## Data excerpts
BEGIN

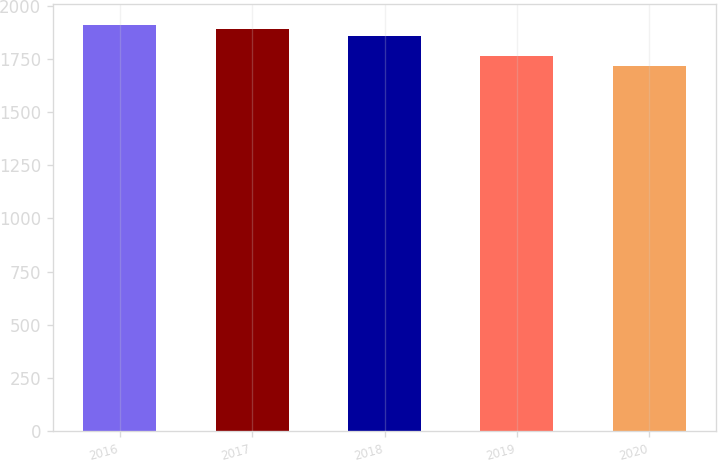Convert chart. <chart><loc_0><loc_0><loc_500><loc_500><bar_chart><fcel>2016<fcel>2017<fcel>2018<fcel>2019<fcel>2020<nl><fcel>1911<fcel>1889<fcel>1858<fcel>1765<fcel>1717<nl></chart> 
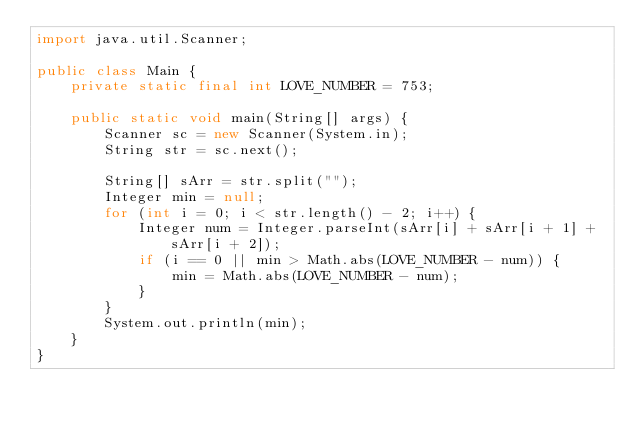Convert code to text. <code><loc_0><loc_0><loc_500><loc_500><_Java_>import java.util.Scanner;

public class Main {
    private static final int LOVE_NUMBER = 753;

    public static void main(String[] args) {
        Scanner sc = new Scanner(System.in);
        String str = sc.next();

        String[] sArr = str.split("");
        Integer min = null;
        for (int i = 0; i < str.length() - 2; i++) {
            Integer num = Integer.parseInt(sArr[i] + sArr[i + 1] + sArr[i + 2]);
            if (i == 0 || min > Math.abs(LOVE_NUMBER - num)) {
                min = Math.abs(LOVE_NUMBER - num);
            }
        }
        System.out.println(min);
    }
}
</code>

END

## Exercise goal
Exclude the pictures and repeat the entries word for word.

## Task output
Convert chart. <chart><loc_0><loc_0><loc_500><loc_500><bar_chart><fcel>2016<fcel>2017<fcel>2018<fcel>2019<fcel>2020<nl><fcel>1911<fcel>1889<fcel>1858<fcel>1765<fcel>1717<nl></chart> 
Convert code to text. <code><loc_0><loc_0><loc_500><loc_500><_Java_>import java.util.Scanner;

public class Main {
    private static final int LOVE_NUMBER = 753;

    public static void main(String[] args) {
        Scanner sc = new Scanner(System.in);
        String str = sc.next();

        String[] sArr = str.split("");
        Integer min = null;
        for (int i = 0; i < str.length() - 2; i++) {
            Integer num = Integer.parseInt(sArr[i] + sArr[i + 1] + sArr[i + 2]);
            if (i == 0 || min > Math.abs(LOVE_NUMBER - num)) {
                min = Math.abs(LOVE_NUMBER - num);
            }
        }
        System.out.println(min);
    }
}
</code>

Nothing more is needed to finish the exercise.